Catherine R M Attard et al. Mol Ecol Resour. 2018 May.

Abstract

There has been remarkably little attention to using the high resolution provided by genotyping-by-sequencing (i.e., RADseq and similar methods) for assessing relatedness in wildlife populations. A major hurdle is the genotyping error, especially allelic dropout, often found in this type of data that could lead to downward-biased, yet precise, estimates of relatedness. Here, we assess the applicability of genotyping-by-sequencing for relatedness inferences given its relatively high genotyping error rate. Individuals of known relatedness were simulated under genotyping error, allelic dropout and missing data scenarios based on an empirical ddRAD data set, and their true relatedness was compared to that estimated by seven relatedness estimators. We found that an estimator chosen through such analyses can circumvent the influence of genotyping error, with the estimator of Ritland (Genetics Research, 67, 175) shown to be unaffected by allelic dropout and to be the most accurate when there is genotyping error. We also found that the choice of estimator should not rely solely on the strength of correlation between estimated and true relatedness as a strong correlation does not necessarily mean estimates are close to true relatedness.
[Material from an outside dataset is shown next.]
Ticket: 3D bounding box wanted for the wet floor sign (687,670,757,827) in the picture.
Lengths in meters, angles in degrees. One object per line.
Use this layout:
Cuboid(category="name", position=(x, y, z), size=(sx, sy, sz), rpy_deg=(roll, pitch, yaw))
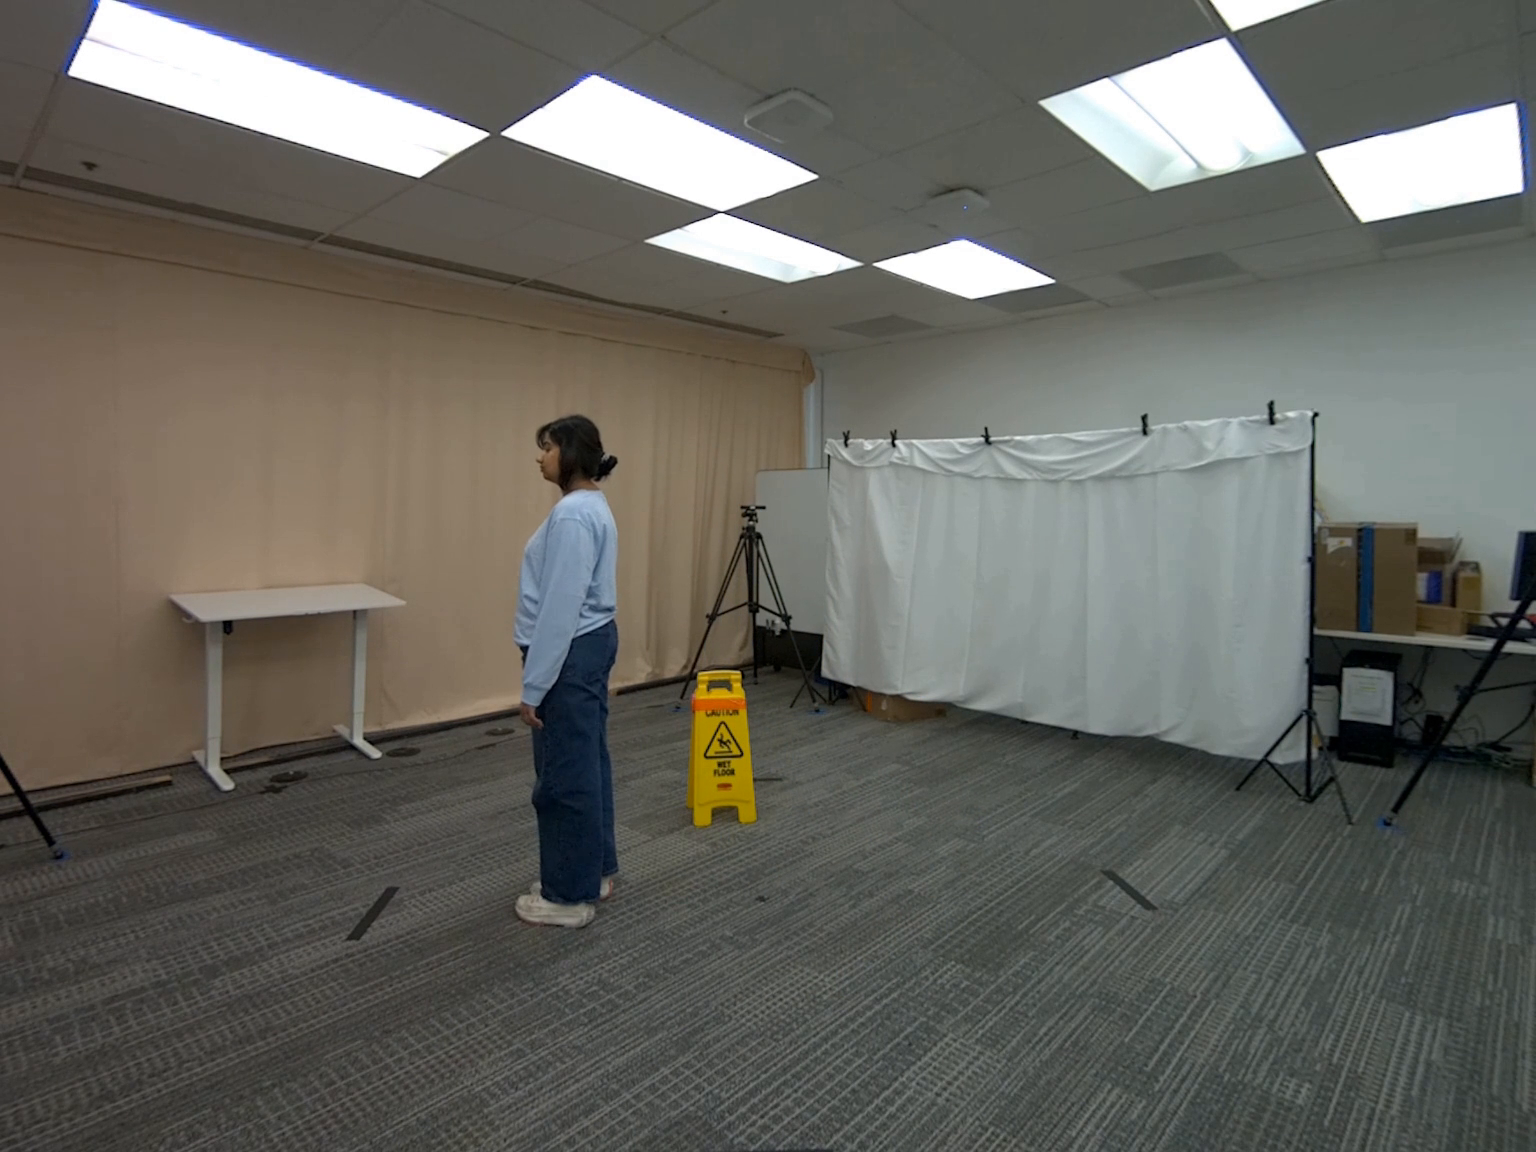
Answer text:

We also demonstrated how even a large SNP data set with genotyping error (allelic dropout or otherwise) or missing data still performs better than a perfectly genotyped microsatellite data set of tens of markers. The simulation-based approach used here can be easily implemented by others on their own genotyping-by-sequencing data sets to confirm the most appropriate and powerful estimator for their data.

Keywords: double-digest restriction site-associated DNA; low coverage; next-generation sequencing; pedigree; population genomics; relationships.